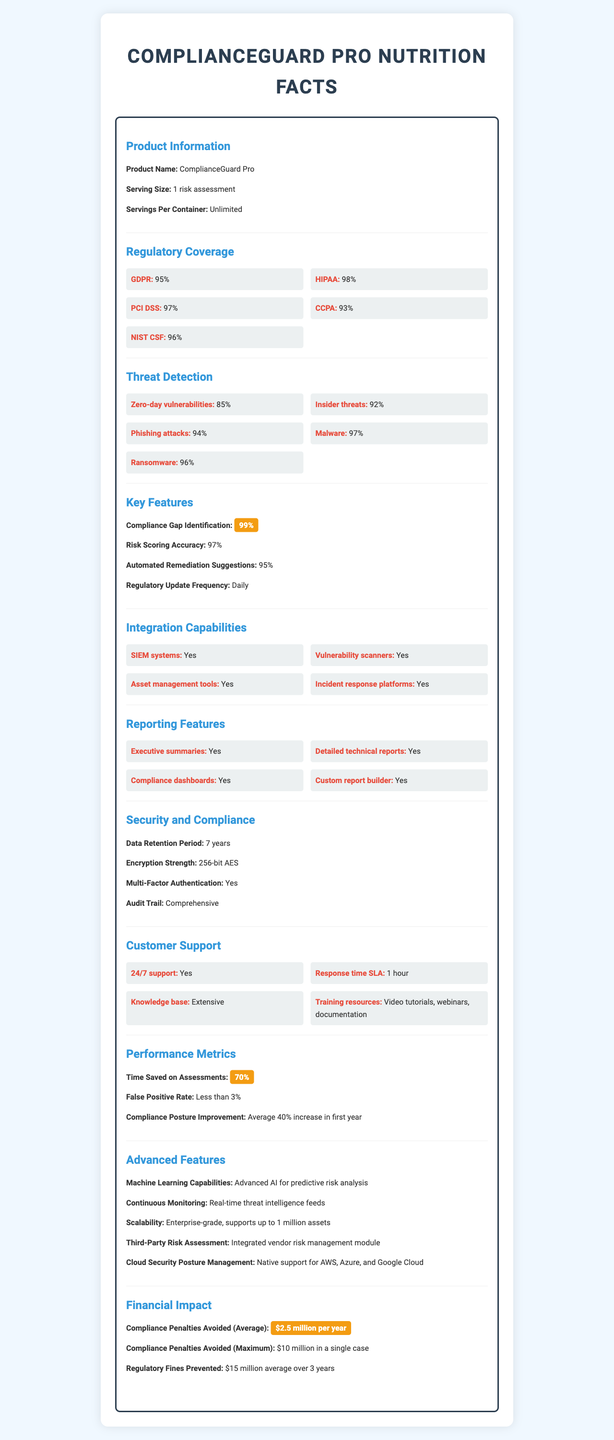what is the product name? The product name is found at the top of the document under the section "Product Information," labelled as "Product Name."
Answer: ComplianceGuard Pro what is the serving size? The serving size is listed in the "Product Information" section and is specified as "1 risk assessment."
Answer: 1 risk assessment how often is the regulatory update frequency? The regulatory update frequency is mentioned in the "Key Features" section and is indicated as "Daily."
Answer: Daily what encryption strength is used? The encryption strength is defined in the "Security and Compliance" section as "256-bit AES."
Answer: 256-bit AES how many assets can ComplianceGuard Pro support? The scalability feature in the "Advanced Features" section specifies that it supports up to 1 million assets.
Answer: Up to 1 million assets which regulatory framework is covered the least by ComplianceGuard Pro? A. GDPR B. HIPAA C. CCPA D. PCI DSS The "Regulatory Coverage" section lists CCPA with a coverage of 93%, which is the lowest among the frameworks listed.
Answer: C. CCPA what support options are available for customer support? A. 24/7 support B. Response time SLA of 1 hour C. Extensive Knowledge base D. Training resources E. All of the above In the "Customer Support" section, all these options are listed as part of the support provided.
Answer: E. All of the above is the third-party risk assessment feature included? The advanced features section mentions that there is an "Integrated vendor risk management module" for third-party risk assessment.
Answer: Yes can ComplianceGuard Pro detect insider threats? The "Threat Detection" section lists "Insider threats" with a detection rate of 92%.
Answer: Yes what is the data retention period? The data retention period can be found in the "Security and Compliance" section and is listed as "7 years."
Answer: 7 years how much time does ComplianceGuard Pro save on assessments? It is mentioned in the "Performance Metrics" section that the time saved on assessments is "70%."
Answer: 70% what is the compliance gap identification rate? The key feature of "Compliance Gap Identification" in the "Key Features" section specifies it has a 99% identification rate.
Answer: 99% summarize the main idea of the document. This document serves as a comprehensive overview of ComplianceGuard Pro, detailing all aspects of its functionality, support, and benefits to help users understand its capabilities and effectiveness in compliance and risk management.
Answer: The document provides detailed information about ComplianceGuard Pro, highlighting its capabilities in regulatory coverage, threat detection, key features, integration capabilities, reporting features, security and compliance, customer support, performance metrics, advanced features, and financial impact. how much in regulatory fines has ComplianceGuard Pro prevented on average over three years? The "Financial Impact" section indicates regulatory fines prevented are $15 million on average over three years.
Answer: $15 million what is the maximum compliance penalty avoided by ComplianceGuard Pro in a single case? According to the "Financial Impact" section, the maximum compliance penalty avoided in a single case is $10 million.
Answer: $10 million which user access level has full control? The "User Access Levels" section lists that the Admin has "Full control."
Answer: Admin what technology readiness for encryption does ComplianceGuard Pro have? The "Advanced Features" section specifies that ComplianceGuard Pro is "Prepared for post-quantum cryptography."
Answer: Quantum-Safe Encryption Readiness what is the false positive rate? The "Performance Metrics" section lists the false positive rate as "Less than 3%."
Answer: Less than 3% does ComplianceGuard Pro support mobile apps? The "Advanced Features" section indicates that there is mobile app availability for iOS and Android.
Answer: Yes what is the average compliance penalties avoided annually? The "Financial Impact" section specifies that the average compliance penalties avoided annually are "$2.5 million per year."
Answer: $2.5 million per year does ComplianceGuard Pro integrate with blockchain technologies? The "Advanced Features" section mentions "Blockchain Integration" with "Smart contract auditing capabilities."
Answer: Yes what is the response time SLA for customer support? The "Customer Support" section specifies a response time SLA of "1 hour."
Answer: 1 hour how does ComplianceGuard Pro help with cyber insurance? The "Advanced Features" section mentions that it provides "Automated policy recommendations" for cyber insurance.
Answer: Automated policy recommendations describe the integration capabilities of ComplianceGuard Pro. The "Integration Capabilities" section lists all these integrations explicitly.
Answer: ComplianceGuard Pro offers integration capabilities with SIEM systems, vulnerability scanners, asset management tools, and incident response platforms. what is the machine learning capability used for? The "Advanced Features" section highlights that it has "Advanced AI for predictive risk analysis."
Answer: Predictive risk analysis does the document provide details on how to configure SIEM system integrations? The document states that SIEM system integration is available but does not provide specific details on configuration.
Answer: Not enough information

::::

▶ **Problem to work on**: If an entry contains a picture, leave it out and repeat the rest exactly.

▶ **Final answer**:
what is the product name? The product name is found at the top of the document under the section "Product Information," labelled as "Product Name."
Answer: ComplianceGuard Pro what is the serving size? The serving size is listed in the "Product Information" section and is specified as "1 risk assessment."
Answer: 1 risk assessment how often is the regulatory update frequency? The regulatory update frequency is mentioned in the "Key Features" section and is indicated as "Daily."
Answer: Daily what encryption strength is used? The encryption strength is defined in the "Security and Compliance" section as "256-bit AES."
Answer: 256-bit AES how many assets can ComplianceGuard Pro support? The scalability feature in the "Advanced Features" section specifies that it supports up to 1 million assets.
Answer: Up to 1 million assets which regulatory framework is covered the least by ComplianceGuard Pro? A. GDPR B. HIPAA C. CCPA D. PCI DSS The "Regulatory Coverage" section lists CCPA with a coverage of 93%, which is the lowest among the frameworks listed.
Answer: C. CCPA what support options are available for customer support? A. 24/7 support B. Response time SLA of 1 hour C. Extensive Knowledge base D. Training resources E. All of the above In the "Customer Support" section, all these options are listed as part of the support provided.
Answer: E. All of the above is the third-party risk assessment feature included? The advanced features section mentions that there is an "Integrated vendor risk management module" for third-party risk assessment.
Answer: Yes can ComplianceGuard Pro detect insider threats? The "Threat Detection" section lists "Insider threats" with a detection rate of 92%.
Answer: Yes what is the data retention period? The data retention period can be found in the "Security and Compliance" section and is listed as "7 years."
Answer: 7 years how much time does ComplianceGuard Pro save on assessments? It is mentioned in the "Performance Metrics" section that the time saved on assessments is "70%."
Answer: 70% what is the compliance gap identification rate? The key feature of "Compliance Gap Identification" in the "Key Features" section specifies it has a 99% identification rate.
Answer: 99% summarize the main idea of the document. This document serves as a comprehensive overview of ComplianceGuard Pro, detailing all aspects of its functionality, support, and benefits to help users understand its capabilities and effectiveness in compliance and risk management.
Answer: The document provides detailed information about ComplianceGuard Pro, highlighting its capabilities in regulatory coverage, threat detection, key features, integration capabilities, reporting features, security and compliance, customer support, performance metrics, advanced features, and financial impact. how much in regulatory fines has ComplianceGuard Pro prevented on average over three years? The "Financial Impact" section indicates regulatory fines prevented are $15 million on average over three years.
Answer: $15 million what is the maximum compliance penalty avoided by ComplianceGuard Pro in a single case? According to the "Financial Impact" section, the maximum compliance penalty avoided in a single case is $10 million.
Answer: $10 million which user access level has full control? The "User Access Levels" section lists that the Admin has "Full control."
Answer: Admin what technology readiness for encryption does ComplianceGuard Pro have? The "Advanced Features" section specifies that ComplianceGuard Pro is "Prepared for post-quantum cryptography."
Answer: Quantum-Safe Encryption Readiness what is the false positive rate? The "Performance Metrics" section lists the false positive rate as "Less than 3%."
Answer: Less than 3% does ComplianceGuard Pro support mobile apps? The "Advanced Features" section indicates that there is mobile app availability for iOS and Android.
Answer: Yes what is the average compliance penalties avoided annually? The "Financial Impact" section specifies that the average compliance penalties avoided annually are "$2.5 million per year."
Answer: $2.5 million per year does ComplianceGuard Pro integrate with blockchain technologies? The "Advanced Features" section mentions "Blockchain Integration" with "Smart contract auditing capabilities."
Answer: Yes what is the response time SLA for customer support? The "Customer Support" section specifies a response time SLA of "1 hour."
Answer: 1 hour how does ComplianceGuard Pro help with cyber insurance? The "Advanced Features" section mentions that it provides "Automated policy recommendations" for cyber insurance.
Answer: Automated policy recommendations describe the integration capabilities of ComplianceGuard Pro. The "Integration Capabilities" section lists all these integrations explicitly.
Answer: ComplianceGuard Pro offers integration capabilities with SIEM systems, vulnerability scanners, asset management tools, and incident response platforms. what is the machine learning capability used for? The "Advanced Features" section highlights that it has "Advanced AI for predictive risk analysis."
Answer: Predictive risk analysis does the document provide details on how to configure SIEM system integrations? The document states that SIEM system integration is available but does not provide specific details on configuration.
Answer: Not enough information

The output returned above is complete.